Variable Purpose Example
MAX_SCENES Limit scenes per year for speed (None = all). MAX_SCENES=None or MAX_SCENES=12
MAX_CLOUD Cloud cover threshold (%) for STAC query. MAX_CLOUD=60
WINDOW_WEEKS Length of seasonal window. WINDOW_WEEKS=12 → 12-week growing season
WINDOW_START_MONTH Month where window starts. WINDOW_START_MONTH=7 → July
WINDOW_START_DAY Day of month to start. WINDOW_START_DAY=1
DAY_GAP Minimum days between accepted scenes per tile. DAY_GAP=10 → ~1 scene every 10 days

Examples

# Aggressive data pull over a longer season
MAX_SCENES=None MAX_CLOUD=85 WINDOW_WEEKS=12 DAY_GAP=8 python src/search_download.py

# Faster development run over a short window
MAX_SCENES=8 MAX_CLOUD=70 WINDOW_WEEKS=6 DAY_GAP=12 python src/search_download.py


Controlling Years

By default:

years = list(range(1985, 2025))

Common edits:

# Single year
years = [2016]

# Span of years
years = list(range(2000, 2006))  # 2000–2005 inclusive

# Last decade
years = list(range(2015, 2025))


Implementation Notes

Dataset Registry (DATASETS)

Each dataset defines the STAC collection, band names, masking strategy, and reflectance scale/offset.
The correct configuration is automatically selected using select_dataset(year).

Landsat Asset Resolution

Planetary Computer occasionally renames bands.
resolve_landsat_assets() checks the first item to confirm the correct RED, NIR, and QA keys (e.g., SR_B3, SR_B4, SR_B5, or QA_PIXEL).

Cloud Masking

  • Sentinel-2: masks SCL categories (cloud, cirrus, snow, water, shadow)
  • Landsat: uses _L8_BAD bitmask from QA_PIXEL

CRS Handling

The AOI is reprojected to an estimated UTM CRS.
If a CRS is missing from the output, it’s written from the AOI before export.

Performance and Memory

  • Dask lazily evaluates all computations
  • MAX_SCENES and DAY_GAP limit per-year data volume
  • Chunks are tuned for balance: {"time": 1, "y": 512, "x": 512}

Troubleshooting

Symptom Likely Cause Fix
“No scenes for year” AOI outside coverage or too strict filters Increase MAX_CLOUD, adjust WINDOW_*, verify AOI geometry
“Stack has 0 bands” Asset mismatch Check resolve_landsat_assets() and printed asset keys
COG write fails mid-run Memory limits during compression Reduce MAX_SCENES or shorten WINDOW_WEEKS
Colors appear wrong Missing scale/offset or nodata handling Confirm dataset scales and ensure zeros are masked
Misaligned pixels CRS mismatch Let the script assign CRS automatically (avoid manual reprojection)

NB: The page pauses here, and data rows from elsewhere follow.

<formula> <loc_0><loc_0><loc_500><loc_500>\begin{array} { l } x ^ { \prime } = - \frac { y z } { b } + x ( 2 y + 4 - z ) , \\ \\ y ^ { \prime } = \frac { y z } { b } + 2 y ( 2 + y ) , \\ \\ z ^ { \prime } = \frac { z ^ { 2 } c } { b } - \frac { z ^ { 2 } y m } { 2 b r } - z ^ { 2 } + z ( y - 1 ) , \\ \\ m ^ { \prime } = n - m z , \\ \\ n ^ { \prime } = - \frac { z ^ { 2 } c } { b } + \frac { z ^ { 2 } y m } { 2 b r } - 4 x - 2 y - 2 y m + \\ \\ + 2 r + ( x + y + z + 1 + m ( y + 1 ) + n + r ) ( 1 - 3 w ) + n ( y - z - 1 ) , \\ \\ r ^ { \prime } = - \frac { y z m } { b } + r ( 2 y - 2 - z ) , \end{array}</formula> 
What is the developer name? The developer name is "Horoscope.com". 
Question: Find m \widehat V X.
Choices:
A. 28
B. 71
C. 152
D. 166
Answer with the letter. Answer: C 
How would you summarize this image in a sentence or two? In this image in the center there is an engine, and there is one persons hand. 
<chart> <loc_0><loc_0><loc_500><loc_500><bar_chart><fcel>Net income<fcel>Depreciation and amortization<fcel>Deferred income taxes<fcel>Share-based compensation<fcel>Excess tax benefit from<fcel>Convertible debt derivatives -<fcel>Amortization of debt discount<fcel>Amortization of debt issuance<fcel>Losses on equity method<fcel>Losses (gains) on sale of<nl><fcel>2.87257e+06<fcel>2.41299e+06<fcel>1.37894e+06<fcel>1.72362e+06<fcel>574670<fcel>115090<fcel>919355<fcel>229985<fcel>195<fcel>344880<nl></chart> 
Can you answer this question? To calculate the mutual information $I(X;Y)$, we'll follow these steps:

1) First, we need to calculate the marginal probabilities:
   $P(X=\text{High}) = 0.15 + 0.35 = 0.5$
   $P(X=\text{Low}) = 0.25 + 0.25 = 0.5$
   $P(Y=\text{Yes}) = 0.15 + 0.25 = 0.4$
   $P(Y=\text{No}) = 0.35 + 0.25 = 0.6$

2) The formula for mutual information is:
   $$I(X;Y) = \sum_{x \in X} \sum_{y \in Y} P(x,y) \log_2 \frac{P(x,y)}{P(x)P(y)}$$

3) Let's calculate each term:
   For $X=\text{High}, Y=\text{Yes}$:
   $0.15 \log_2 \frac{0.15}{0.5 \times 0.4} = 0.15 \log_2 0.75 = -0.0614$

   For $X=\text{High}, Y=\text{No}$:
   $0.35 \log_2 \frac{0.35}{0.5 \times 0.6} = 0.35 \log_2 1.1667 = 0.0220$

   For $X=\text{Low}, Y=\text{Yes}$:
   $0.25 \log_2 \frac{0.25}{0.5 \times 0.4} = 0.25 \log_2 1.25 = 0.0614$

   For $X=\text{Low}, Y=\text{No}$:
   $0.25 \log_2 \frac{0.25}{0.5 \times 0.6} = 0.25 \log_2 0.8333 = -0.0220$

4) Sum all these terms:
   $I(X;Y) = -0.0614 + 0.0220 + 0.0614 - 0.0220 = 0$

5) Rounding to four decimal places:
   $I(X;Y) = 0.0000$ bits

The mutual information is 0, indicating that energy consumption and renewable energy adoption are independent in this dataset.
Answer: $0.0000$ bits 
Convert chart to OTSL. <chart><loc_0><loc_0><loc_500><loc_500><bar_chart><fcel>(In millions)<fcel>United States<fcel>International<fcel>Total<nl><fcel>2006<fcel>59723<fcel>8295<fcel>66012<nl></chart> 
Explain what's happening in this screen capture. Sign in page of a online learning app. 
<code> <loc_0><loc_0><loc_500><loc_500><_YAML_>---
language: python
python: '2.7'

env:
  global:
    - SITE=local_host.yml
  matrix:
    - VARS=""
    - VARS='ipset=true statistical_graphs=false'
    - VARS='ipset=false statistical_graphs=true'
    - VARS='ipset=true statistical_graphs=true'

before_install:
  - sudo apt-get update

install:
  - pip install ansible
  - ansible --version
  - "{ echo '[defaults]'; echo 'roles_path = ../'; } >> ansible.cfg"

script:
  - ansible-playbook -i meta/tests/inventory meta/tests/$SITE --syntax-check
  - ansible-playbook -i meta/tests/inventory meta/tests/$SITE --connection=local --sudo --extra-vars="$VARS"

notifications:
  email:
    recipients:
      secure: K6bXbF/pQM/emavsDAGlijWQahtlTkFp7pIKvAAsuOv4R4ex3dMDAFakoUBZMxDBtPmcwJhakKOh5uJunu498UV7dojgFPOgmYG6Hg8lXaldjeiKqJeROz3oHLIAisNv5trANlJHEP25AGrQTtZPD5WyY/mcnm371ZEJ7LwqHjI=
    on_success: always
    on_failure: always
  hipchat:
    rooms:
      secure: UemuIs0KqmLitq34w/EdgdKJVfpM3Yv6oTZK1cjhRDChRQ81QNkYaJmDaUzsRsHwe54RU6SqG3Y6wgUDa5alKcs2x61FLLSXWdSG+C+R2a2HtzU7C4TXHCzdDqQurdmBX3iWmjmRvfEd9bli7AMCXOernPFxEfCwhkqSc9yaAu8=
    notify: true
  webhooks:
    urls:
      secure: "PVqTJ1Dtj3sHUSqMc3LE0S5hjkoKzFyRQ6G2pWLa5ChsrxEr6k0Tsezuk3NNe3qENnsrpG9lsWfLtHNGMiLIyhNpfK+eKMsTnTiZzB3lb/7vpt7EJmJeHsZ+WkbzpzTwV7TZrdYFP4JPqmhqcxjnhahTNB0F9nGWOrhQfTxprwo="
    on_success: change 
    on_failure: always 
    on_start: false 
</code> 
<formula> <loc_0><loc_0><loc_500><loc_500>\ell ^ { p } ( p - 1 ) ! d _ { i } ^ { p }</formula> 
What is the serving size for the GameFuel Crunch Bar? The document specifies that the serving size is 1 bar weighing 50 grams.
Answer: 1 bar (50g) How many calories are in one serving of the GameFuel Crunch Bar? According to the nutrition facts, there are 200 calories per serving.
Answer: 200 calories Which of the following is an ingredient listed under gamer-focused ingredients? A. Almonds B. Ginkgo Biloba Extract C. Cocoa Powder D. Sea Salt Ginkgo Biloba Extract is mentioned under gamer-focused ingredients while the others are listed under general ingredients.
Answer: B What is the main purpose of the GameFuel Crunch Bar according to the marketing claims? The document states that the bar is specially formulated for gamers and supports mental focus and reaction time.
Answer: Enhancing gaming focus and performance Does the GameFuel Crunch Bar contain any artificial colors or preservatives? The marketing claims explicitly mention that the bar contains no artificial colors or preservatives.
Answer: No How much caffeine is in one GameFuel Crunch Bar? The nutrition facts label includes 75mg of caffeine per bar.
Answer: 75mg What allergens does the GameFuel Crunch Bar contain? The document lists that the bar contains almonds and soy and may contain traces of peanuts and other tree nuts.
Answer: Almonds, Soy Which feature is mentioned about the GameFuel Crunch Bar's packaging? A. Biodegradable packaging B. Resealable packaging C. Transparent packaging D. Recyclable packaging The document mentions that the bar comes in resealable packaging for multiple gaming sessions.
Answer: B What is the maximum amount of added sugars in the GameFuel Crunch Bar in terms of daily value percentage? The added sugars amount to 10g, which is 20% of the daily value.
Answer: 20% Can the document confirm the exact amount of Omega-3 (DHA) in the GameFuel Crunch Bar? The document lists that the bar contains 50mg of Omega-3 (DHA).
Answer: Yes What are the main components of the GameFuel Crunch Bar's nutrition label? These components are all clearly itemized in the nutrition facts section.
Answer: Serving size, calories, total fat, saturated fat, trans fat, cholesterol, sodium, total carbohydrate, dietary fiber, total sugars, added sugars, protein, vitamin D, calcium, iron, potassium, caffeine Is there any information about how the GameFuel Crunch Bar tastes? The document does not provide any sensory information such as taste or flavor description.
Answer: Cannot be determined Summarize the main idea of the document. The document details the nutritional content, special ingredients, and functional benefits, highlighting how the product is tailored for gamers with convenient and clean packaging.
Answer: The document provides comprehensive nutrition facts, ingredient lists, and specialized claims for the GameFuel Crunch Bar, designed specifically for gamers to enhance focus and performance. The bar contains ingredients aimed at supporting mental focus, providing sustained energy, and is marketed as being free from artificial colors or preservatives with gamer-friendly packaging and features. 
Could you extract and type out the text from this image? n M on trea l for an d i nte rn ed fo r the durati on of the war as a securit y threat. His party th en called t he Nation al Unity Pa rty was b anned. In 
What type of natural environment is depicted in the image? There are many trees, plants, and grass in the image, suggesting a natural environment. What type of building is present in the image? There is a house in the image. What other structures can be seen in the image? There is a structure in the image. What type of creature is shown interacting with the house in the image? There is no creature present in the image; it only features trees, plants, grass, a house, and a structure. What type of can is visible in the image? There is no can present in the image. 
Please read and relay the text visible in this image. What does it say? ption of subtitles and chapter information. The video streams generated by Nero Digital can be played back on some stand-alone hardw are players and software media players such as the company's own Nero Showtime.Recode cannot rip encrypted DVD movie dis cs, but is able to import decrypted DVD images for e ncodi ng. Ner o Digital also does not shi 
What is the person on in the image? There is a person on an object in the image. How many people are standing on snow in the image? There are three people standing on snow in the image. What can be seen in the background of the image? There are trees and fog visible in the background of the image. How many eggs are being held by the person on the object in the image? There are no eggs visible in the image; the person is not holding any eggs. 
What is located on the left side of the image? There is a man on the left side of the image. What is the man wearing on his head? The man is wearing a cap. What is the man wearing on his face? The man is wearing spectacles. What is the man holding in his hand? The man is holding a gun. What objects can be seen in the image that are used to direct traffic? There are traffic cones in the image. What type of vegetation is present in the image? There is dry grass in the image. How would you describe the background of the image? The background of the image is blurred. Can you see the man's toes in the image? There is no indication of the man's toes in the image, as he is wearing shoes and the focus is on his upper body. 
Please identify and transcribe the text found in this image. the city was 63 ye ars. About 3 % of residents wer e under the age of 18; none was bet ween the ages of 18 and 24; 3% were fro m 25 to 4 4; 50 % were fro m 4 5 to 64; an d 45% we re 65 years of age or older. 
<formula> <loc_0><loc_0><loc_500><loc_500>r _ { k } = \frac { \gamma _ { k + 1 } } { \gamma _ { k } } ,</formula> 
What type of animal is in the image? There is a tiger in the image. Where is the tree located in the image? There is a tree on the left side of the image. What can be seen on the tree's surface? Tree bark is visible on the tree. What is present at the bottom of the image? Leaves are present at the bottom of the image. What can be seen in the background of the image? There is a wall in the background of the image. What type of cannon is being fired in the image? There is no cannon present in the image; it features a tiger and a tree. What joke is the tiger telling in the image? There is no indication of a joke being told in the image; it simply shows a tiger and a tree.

How the Composite Is Formed

  • Per scene: invalid pixels masked, reflectance scaled, NDVI computed
  • Per year: NDVI reduced with .max(dim="time", skipna=True)
  • Output: float32 COG with CRS and transform set from NIR band

Alternative reducers:

# Median
ndvi_med = ndvi_t.median(dim="time", skipna=True)

# 95th percentile
ndvi_med = ndvi_t.quantile(0.95, dim="time", skipna=True)


Next Steps

Once the composites are generated, open the viewer:

streamlit run src/streamlit.py

This allows interactive exploration, year comparison, and ΔNDVI visualization.